Microstructure evolution of Mg–6Gd–2Y alloy during solid solution and aging process

The microstructure evolution of Mg–6 wt% Gd–2 wt% Y alloy (denoted as GW62) during solid solution and aging process were investigated by optical microscope, scanning electron microscope, energy dispersive spectroscopy, X-ray diffraction and high resolution transmission electron microscopy. The microstructure of as-cast GW62 alloy is comprised of isometric α(Mg) crystals, equilibrium phase Mg5(Gd,Y), and non-equilibrium phase Mg2(Gd,Y). With the increase of solution treatment time, the sizes of the semicontinuous Mg5(Gd,Y) phases gradually decrease until dissolved.
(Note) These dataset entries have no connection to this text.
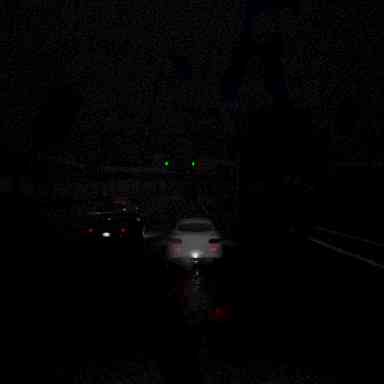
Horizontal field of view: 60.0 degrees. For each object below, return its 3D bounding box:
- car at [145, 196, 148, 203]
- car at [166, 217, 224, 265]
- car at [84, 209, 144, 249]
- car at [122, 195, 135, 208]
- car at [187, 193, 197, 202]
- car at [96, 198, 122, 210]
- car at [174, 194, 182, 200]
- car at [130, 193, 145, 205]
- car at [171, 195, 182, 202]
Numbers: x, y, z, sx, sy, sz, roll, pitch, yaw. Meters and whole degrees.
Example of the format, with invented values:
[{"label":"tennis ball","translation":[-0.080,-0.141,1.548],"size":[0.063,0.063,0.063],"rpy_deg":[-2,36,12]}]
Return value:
[{"label":"car","translation":[-10.493,1.479,71.230],"size":[2.033,1.411,5.357],"rpy_deg":[0,1,0]},{"label":"car","translation":[0.101,1.610,11.973],"size":[1.812,1.442,4.674],"rpy_deg":[0,0,0]},{"label":"car","translation":[-3.399,1.671,15.203],"size":[1.994,1.385,4.181],"rpy_deg":[0,0,0]},{"label":"car","translation":[-10.538,1.621,50.780],"size":[1.882,1.535,5.008],"rpy_deg":[0,0,1]},{"label":"car","translation":[0.007,1.148,72.457],"size":[2.150,2.045,5.566],"rpy_deg":[0,1,0]},{"label":"car","translation":[-10.583,1.747,41.708],"size":[1.994,1.385,4.181],"rpy_deg":[0,0,0]},{"label":"car","translation":[-3.492,1.333,83.500],"size":[1.994,1.385,4.181],"rpy_deg":[0,1,0]},{"label":"car","translation":[-10.494,1.285,60.818],"size":[2.150,2.045,5.566],"rpy_deg":[0,1,0]},{"label":"car","translation":[-3.493,1.438,73.198],"size":[1.812,1.442,4.674],"rpy_deg":[0,1,0]}]
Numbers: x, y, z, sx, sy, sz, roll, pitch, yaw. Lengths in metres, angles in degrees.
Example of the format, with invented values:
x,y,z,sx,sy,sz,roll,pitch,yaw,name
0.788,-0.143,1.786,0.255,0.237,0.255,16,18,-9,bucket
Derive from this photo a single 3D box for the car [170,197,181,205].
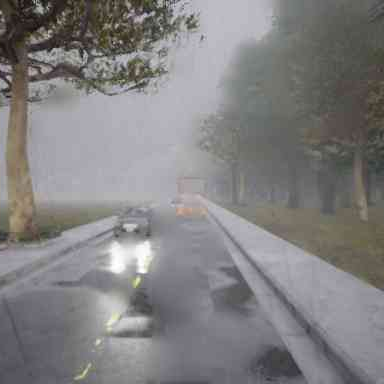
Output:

Rare-earth-rich phases (Mg(Gd,Y)2) with fcc structures a=0.56 nm were newly generated in the alloy at grain boundaries and inside grains after solution treatment, which could hinder the growth of isometric α(Mg) crystals in the solution process. The maximum hardness of the GW62 alloy is significantly different for different aging temperatures. The age-hardening effect is most apparent at 175 °C. The microstructural evolution of the alloy after aging at 175 °C was as follows: the β″ phase precipitated from α(Mg) during the under-aging stage (4–32 h); next, the β′ phase precipitated from α(Mg) up until peak aging was reached (32–100 h); as aging time progressed, the hardening reached its maximum at 100 h. At this stage, the precipitated phases were the β′ and β″ phases; finally, during over-aging (>100 h), the size of β′ phase continually increased while transforming into the β1 and β phases.